*Records shown*
•••••
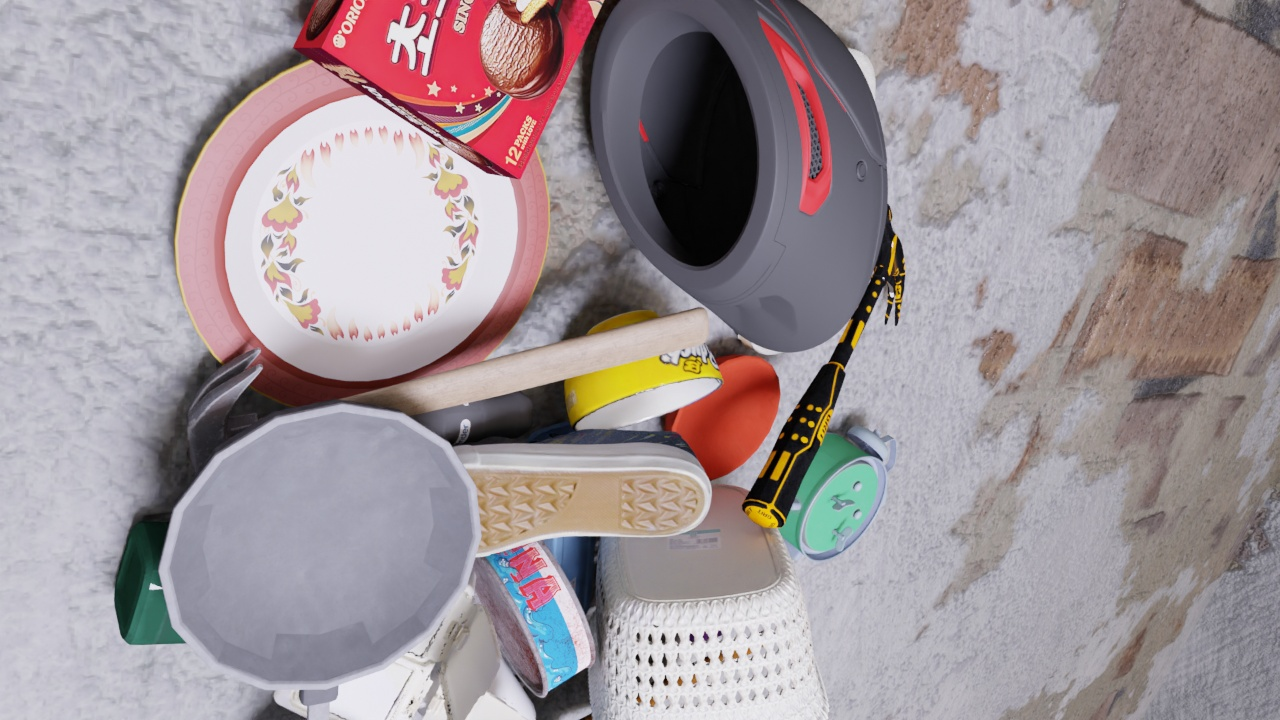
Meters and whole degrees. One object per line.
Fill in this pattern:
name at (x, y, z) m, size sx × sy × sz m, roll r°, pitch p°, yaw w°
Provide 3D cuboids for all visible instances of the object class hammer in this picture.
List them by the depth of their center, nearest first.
hammer at (-0.110, 0.018, 0.577) m, size 0.331 × 0.030 × 0.120 m, roll -13°, pitch 134°, yaw -13°
hammer at (0.167, 0.010, 0.787) m, size 0.319 × 0.036 × 0.123 m, roll -58°, pitch 140°, yaw -30°

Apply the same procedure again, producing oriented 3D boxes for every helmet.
helmet at (0.080, -0.131, 0.614) m, size 0.169 × 0.164 × 0.265 m, roll -27°, pitch 113°, yaw -44°

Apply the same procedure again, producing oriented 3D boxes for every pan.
pan at (-0.197, 0.191, 0.563) m, size 0.178 × 0.041 × 0.357 m, roll 0°, pitch 106°, yaw -30°

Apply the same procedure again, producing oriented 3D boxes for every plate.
plate at (-0.159, -0.073, 0.559) m, size 0.229 × 0.021 × 0.230 m, roll -19°, pitch 126°, yaw -29°

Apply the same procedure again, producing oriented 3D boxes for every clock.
clock at (0.207, 0.131, 0.939) m, size 0.161 × 0.075 × 0.122 m, roll -29°, pitch 130°, yaw -24°

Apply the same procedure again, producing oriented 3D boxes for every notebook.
notebook at (-0.016, 0.316, 0.833) m, size 0.248 × 0.014 × 0.179 m, roll -8°, pitch 156°, yaw -45°

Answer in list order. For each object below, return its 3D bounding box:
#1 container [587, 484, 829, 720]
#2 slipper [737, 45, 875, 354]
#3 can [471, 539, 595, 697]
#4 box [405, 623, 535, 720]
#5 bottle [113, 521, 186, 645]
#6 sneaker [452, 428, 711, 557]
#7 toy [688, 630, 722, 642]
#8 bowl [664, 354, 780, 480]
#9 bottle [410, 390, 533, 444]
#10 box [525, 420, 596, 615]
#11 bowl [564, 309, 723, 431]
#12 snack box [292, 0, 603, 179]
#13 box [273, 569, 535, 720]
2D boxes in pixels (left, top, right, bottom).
container at (0.046, 0.204, 0.739) m, size 0.184 × 0.246 × 0.143 m, roll -5°, pitch 107°, yaw -3°
slipper at (0.140, -0.120, 0.751) m, size 0.114 × 0.052 × 0.263 m, roll -10°, pitch 122°, yaw -36°
can at (-0.088, 0.185, 0.695) m, size 0.044 × 0.130 × 0.130 m, roll -26°, pitch 129°, yaw -25°
box at (-0.133, 0.287, 0.767) m, size 0.084 × 0.112 × 0.162 m, roll -37°, pitch 119°, yaw -21°
bottle at (-0.252, 0.141, 0.582) m, size 0.131 × 0.061 × 0.061 m, roll 12°, pitch 107°, yaw -40°
sneaker at (-0.070, 0.079, 0.647) m, size 0.235 × 0.079 × 0.087 m, roll -4°, pitch 122°, yaw 1°
toy at (0.077, 0.242, 0.917) m, size 0.088 × 0.056 × 0.106 m, roll -37°, pitch 168°, yaw -13°
bowl at (0.065, 0.045, 0.801) m, size 0.121 × 0.035 × 0.122 m, roll -19°, pitch 126°, yaw -29°
bottle at (-0.128, 0.040, 0.642) m, size 0.109 × 0.036 × 0.036 m, roll -3°, pitch 117°, yaw -38°
box at (-0.069, 0.142, 0.767) m, size 0.066 × 0.049 × 0.210 m, roll -31°, pitch 136°, yaw -46°
bowl at (-0.004, 0.004, 0.685) m, size 0.117 × 0.067 × 0.117 m, roll -17°, pitch 166°, yaw -4°
snack box at (-0.092, -0.201, 0.504) m, size 0.132 × 0.036 × 0.152 m, roll 28°, pitch 85°, yaw -44°
box at (-0.158, 0.217, 0.641) m, size 0.145 × 0.185 × 0.095 m, roll -62°, pitch 172°, yaw 6°
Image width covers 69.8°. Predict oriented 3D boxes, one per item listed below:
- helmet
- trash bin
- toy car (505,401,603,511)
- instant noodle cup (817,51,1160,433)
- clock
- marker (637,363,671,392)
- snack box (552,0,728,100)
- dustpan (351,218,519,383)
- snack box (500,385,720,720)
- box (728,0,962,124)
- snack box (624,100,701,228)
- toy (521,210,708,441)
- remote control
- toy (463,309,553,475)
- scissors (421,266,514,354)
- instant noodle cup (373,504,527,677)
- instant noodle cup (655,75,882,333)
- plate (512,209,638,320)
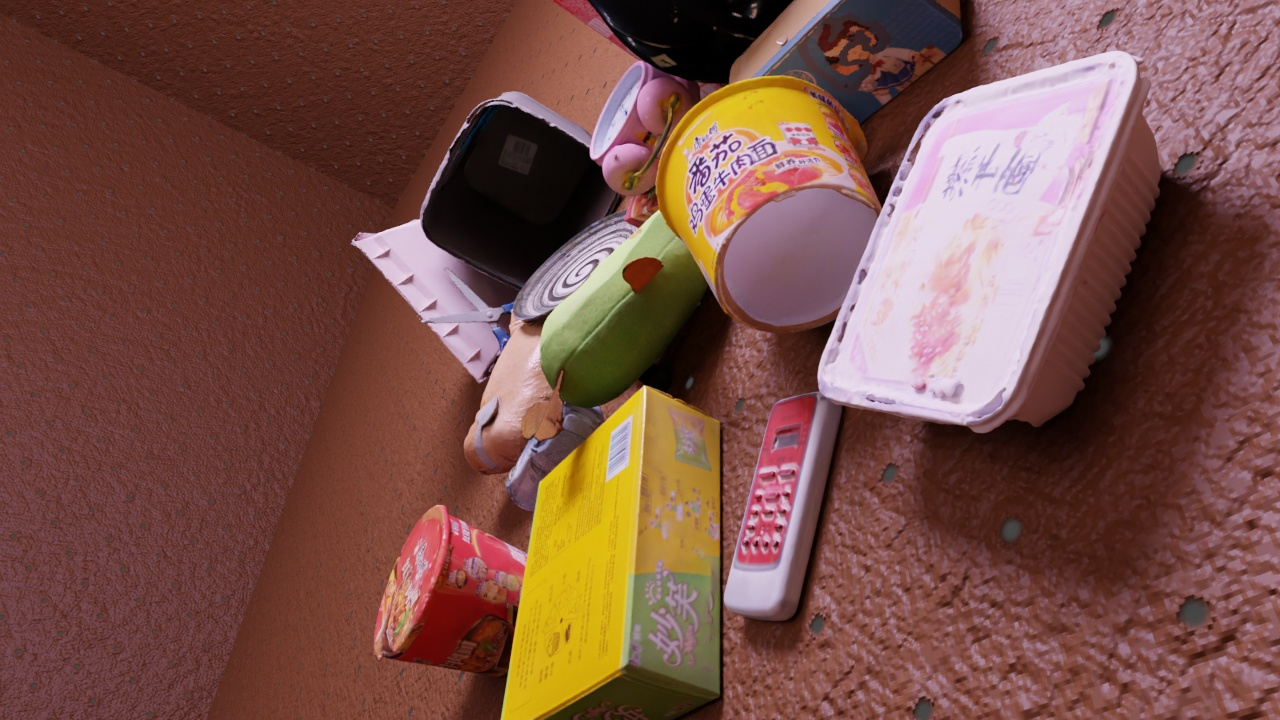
[{"bbox_3d":[0.060,-0.344,0.757,0.275,0.233,0.230,5,110,65],"label":"helmet"},{"bbox_3d":[-0.148,-0.229,1.159,0.199,0.198,0.219,-56,18,20],"label":"trash bin"},{"bbox_3d":[-0.078,0.086,0.840,0.121,0.054,0.036,-60,21,13],"label":"toy car"},{"bbox_3d":[0.168,-0.045,0.433,0.173,0.060,0.138,-65,22,-5],"label":"instant noodle cup"},{"bbox_3d":[0.004,-0.213,0.848,0.117,0.059,0.158,-57,25,21],"label":"clock"},{"bbox_3d":[-0.005,0.005,0.808,0.022,0.020,0.132,-39,21,-7],"label":"marker"},{"bbox_3d":[0.003,-0.338,0.909,0.058,0.207,0.057,-1,63,64],"label":"snack box"},{"bbox_3d":[-0.258,-0.072,1.181,0.139,0.222,0.272,-35,7,31],"label":"dustpan"},{"bbox_3d":[-0.018,0.145,0.627,0.158,0.070,0.209,-44,30,40],"label":"snack box"},{"bbox_3d":[0.133,-0.212,0.648,0.185,0.089,0.059,-39,34,50],"label":"box"},{"bbox_3d":[0.046,-0.182,0.861,0.127,0.044,0.113,-4,63,64],"label":"snack box"},{"bbox_3d":[-0.016,-0.034,0.737,0.246,0.090,0.227,-49,0,-14],"label":"toy"},{"bbox_3d":[0.083,0.083,0.537,0.056,0.020,0.135,-18,50,59],"label":"remote control"},{"bbox_3d":[-0.121,0.016,0.975,0.144,0.082,0.225,-24,41,38],"label":"toy"},{"bbox_3d":[-0.162,-0.046,1.063,0.162,0.175,0.012,67,159,7],"label":"scissors"},{"bbox_3d":[-0.155,0.208,0.808,0.138,0.108,0.137,-48,28,35],"label":"instant noodle cup"},{"bbox_3d":[0.087,-0.092,0.578,0.138,0.138,0.109,-51,33,29],"label":"instant noodle cup"},{"bbox_3d":[-0.061,-0.098,0.984,0.180,0.024,0.179,-32,26,17],"label":"plate"}]
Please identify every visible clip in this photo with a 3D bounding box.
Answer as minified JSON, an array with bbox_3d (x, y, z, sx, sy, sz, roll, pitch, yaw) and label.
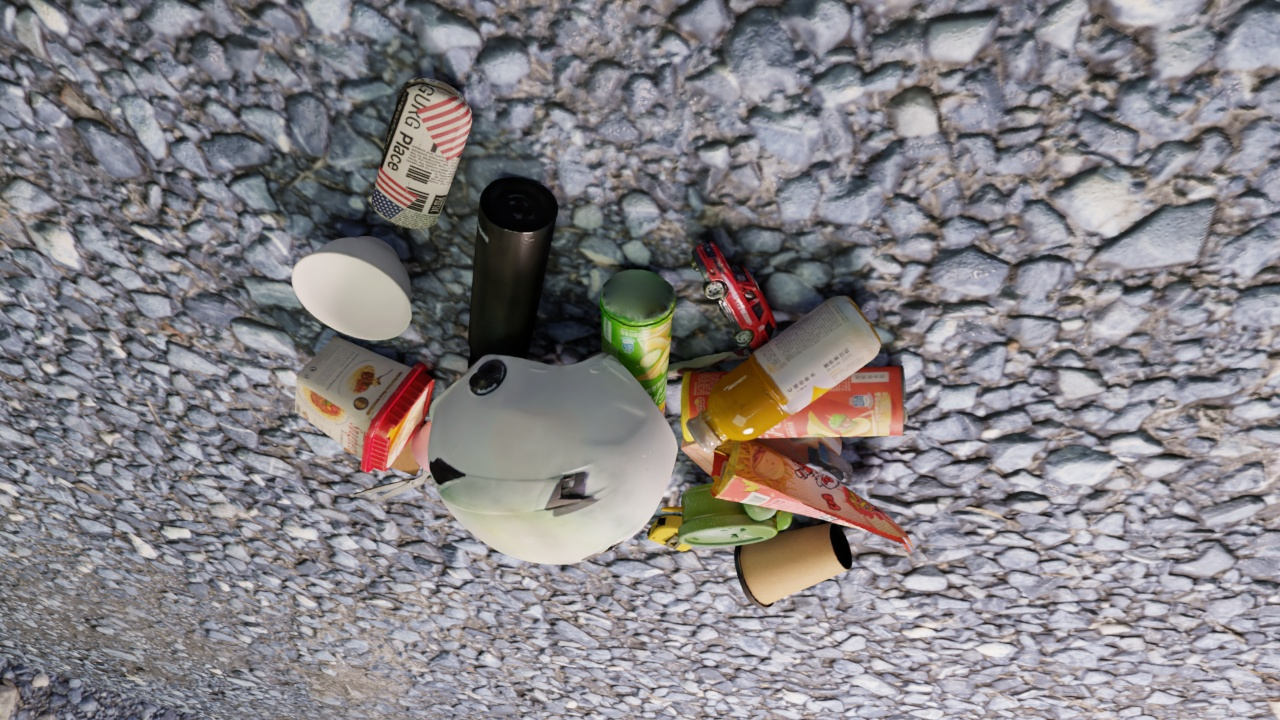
[{"bbox_3d":[0.201,0.109,0.974,0.058,0.026,0.038,29,130,-28],"label":"clip"}]

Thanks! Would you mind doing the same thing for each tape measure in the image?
[{"bbox_3d":[0.044,0.228,1.199,0.060,0.028,0.057,23,139,-11],"label":"tape measure"}]

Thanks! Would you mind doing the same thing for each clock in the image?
[{"bbox_3d":[0.116,0.177,1.073,0.161,0.056,0.116,-13,157,22],"label":"clock"}]

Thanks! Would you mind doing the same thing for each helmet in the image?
•••••
*Exercise goal*
Could you restate each record word for word, keeping the pictures out?

*Result below*
Meters and whole degrees. One object per line.
Fill in this pattern:
name at (x, y, z) m, size sx × sy × sz m, roll r°, pitch p°, yaw w°
Provide 3D cuboids for all visible instances of the object class hammer in this picture.
List them by the depth of their center, nearest first.
hammer at (-0.110, 0.018, 0.577) m, size 0.331 × 0.030 × 0.120 m, roll -13°, pitch 134°, yaw -13°
hammer at (0.167, 0.010, 0.787) m, size 0.319 × 0.036 × 0.123 m, roll -58°, pitch 140°, yaw -30°

Apply the same procedure again, producing oriented 3D boxes for every helmet.
helmet at (0.080, -0.131, 0.614) m, size 0.169 × 0.164 × 0.265 m, roll -27°, pitch 113°, yaw -44°

Apply the same procedure again, producing oriented 3D boxes for every pan.
pan at (-0.197, 0.191, 0.563) m, size 0.178 × 0.041 × 0.357 m, roll 0°, pitch 106°, yaw -30°

Apply the same procedure again, producing oriented 3D boxes for every plate.
plate at (-0.159, -0.073, 0.559) m, size 0.229 × 0.021 × 0.230 m, roll -19°, pitch 126°, yaw -29°

Apply the same procedure again, producing oriented 3D boxes for every clock.
clock at (0.207, 0.131, 0.939) m, size 0.161 × 0.075 × 0.122 m, roll -29°, pitch 130°, yaw -24°

Apply the same procedure again, producing oriented 3D boxes for every notebook.
notebook at (-0.016, 0.316, 0.833) m, size 0.248 × 0.014 × 0.179 m, roll -8°, pitch 156°, yaw -45°

Answer in list order. For each object below, return its 3D bounding box:
#1 container [587, 484, 829, 720]
#2 slipper [737, 45, 875, 354]
#3 can [471, 539, 595, 697]
#4 box [405, 623, 535, 720]
#5 bottle [113, 521, 186, 645]
#6 sneaker [452, 428, 711, 557]
#7 toy [688, 630, 722, 642]
#8 bowl [664, 354, 780, 480]
#9 bottle [410, 390, 533, 444]
#10 box [525, 420, 596, 615]
#11 bowl [564, 309, 723, 431]
#12 snack box [292, 0, 603, 179]
#13 box [273, 569, 535, 720]
2D boxes in pixels (left, top, right, bottom).
container at (0.046, 0.204, 0.739) m, size 0.184 × 0.246 × 0.143 m, roll -5°, pitch 107°, yaw -3°
slipper at (0.140, -0.120, 0.751) m, size 0.114 × 0.052 × 0.263 m, roll -10°, pitch 122°, yaw -36°
can at (-0.088, 0.185, 0.695) m, size 0.044 × 0.130 × 0.130 m, roll -26°, pitch 129°, yaw -25°
box at (-0.133, 0.287, 0.767) m, size 0.084 × 0.112 × 0.162 m, roll -37°, pitch 119°, yaw -21°
bottle at (-0.252, 0.141, 0.582) m, size 0.131 × 0.061 × 0.061 m, roll 12°, pitch 107°, yaw -40°
sneaker at (-0.070, 0.079, 0.647) m, size 0.235 × 0.079 × 0.087 m, roll -4°, pitch 122°, yaw 1°
toy at (0.077, 0.242, 0.917) m, size 0.088 × 0.056 × 0.106 m, roll -37°, pitch 168°, yaw -13°
bowl at (0.065, 0.045, 0.801) m, size 0.121 × 0.035 × 0.122 m, roll -19°, pitch 126°, yaw -29°
bottle at (-0.128, 0.040, 0.642) m, size 0.109 × 0.036 × 0.036 m, roll -3°, pitch 117°, yaw -38°
box at (-0.069, 0.142, 0.767) m, size 0.066 × 0.049 × 0.210 m, roll -31°, pitch 136°, yaw -46°
bowl at (-0.004, 0.004, 0.685) m, size 0.117 × 0.067 × 0.117 m, roll -17°, pitch 166°, yaw -4°
snack box at (-0.092, -0.201, 0.504) m, size 0.132 × 0.036 × 0.152 m, roll 28°, pitch 85°, yaw -44°
box at (-0.158, 0.217, 0.641) m, size 0.145 × 0.185 × 0.095 m, roll -62°, pitch 172°, yaw 6°
Image width covers 69.8°. Predict oriented 3D boxes, one per item listed below:
- helmet
- trash bin
- toy car (505,401,603,511)
- instant noodle cup (817,51,1160,433)
- clock
- marker (637,363,671,392)
- snack box (552,0,728,100)
- dustpan (351,218,519,383)
- snack box (500,385,720,720)
- box (728,0,962,124)
- snack box (624,100,701,228)
- toy (521,210,708,441)
- remote control
- toy (463,309,553,475)
- scissors (421,266,514,354)
- instant noodle cup (373,504,527,677)
- instant noodle cup (655,75,882,333)
- plate (512,209,638,320)
[{"bbox_3d":[0.060,-0.344,0.757,0.275,0.233,0.230,5,110,65],"label":"helmet"},{"bbox_3d":[-0.148,-0.229,1.159,0.199,0.198,0.219,-56,18,20],"label":"trash bin"},{"bbox_3d":[-0.078,0.086,0.840,0.121,0.054,0.036,-60,21,13],"label":"toy car"},{"bbox_3d":[0.168,-0.045,0.433,0.173,0.060,0.138,-65,22,-5],"label":"instant noodle cup"},{"bbox_3d":[0.004,-0.213,0.848,0.117,0.059,0.158,-57,25,21],"label":"clock"},{"bbox_3d":[-0.005,0.005,0.808,0.022,0.020,0.132,-39,21,-7],"label":"marker"},{"bbox_3d":[0.003,-0.338,0.909,0.058,0.207,0.057,-1,63,64],"label":"snack box"},{"bbox_3d":[-0.258,-0.072,1.181,0.139,0.222,0.272,-35,7,31],"label":"dustpan"},{"bbox_3d":[-0.018,0.145,0.627,0.158,0.070,0.209,-44,30,40],"label":"snack box"},{"bbox_3d":[0.133,-0.212,0.648,0.185,0.089,0.059,-39,34,50],"label":"box"},{"bbox_3d":[0.046,-0.182,0.861,0.127,0.044,0.113,-4,63,64],"label":"snack box"},{"bbox_3d":[-0.016,-0.034,0.737,0.246,0.090,0.227,-49,0,-14],"label":"toy"},{"bbox_3d":[0.083,0.083,0.537,0.056,0.020,0.135,-18,50,59],"label":"remote control"},{"bbox_3d":[-0.121,0.016,0.975,0.144,0.082,0.225,-24,41,38],"label":"toy"},{"bbox_3d":[-0.162,-0.046,1.063,0.162,0.175,0.012,67,159,7],"label":"scissors"},{"bbox_3d":[-0.155,0.208,0.808,0.138,0.108,0.137,-48,28,35],"label":"instant noodle cup"},{"bbox_3d":[0.087,-0.092,0.578,0.138,0.138,0.109,-51,33,29],"label":"instant noodle cup"},{"bbox_3d":[-0.061,-0.098,0.984,0.180,0.024,0.179,-32,26,17],"label":"plate"}]
Please identify every visible clip in this photo with a 3D bounding box.
Answer as minified JSON, an array with bbox_3d (x, y, z, sx, sy, sz, roll, pitch, yaw) and label.
[{"bbox_3d":[0.201,0.109,0.974,0.058,0.026,0.038,29,130,-28],"label":"clip"}]

Thanks! Would you mind doing the same thing for each tape measure in the image?
[{"bbox_3d":[0.044,0.228,1.199,0.060,0.028,0.057,23,139,-11],"label":"tape measure"}]

Thanks! Would you mind doing the same thing for each clock in the image?
[{"bbox_3d":[0.116,0.177,1.073,0.161,0.056,0.116,-13,157,22],"label":"clock"}]

Thanks! Would you mind doing the same thing for each helmet in the image?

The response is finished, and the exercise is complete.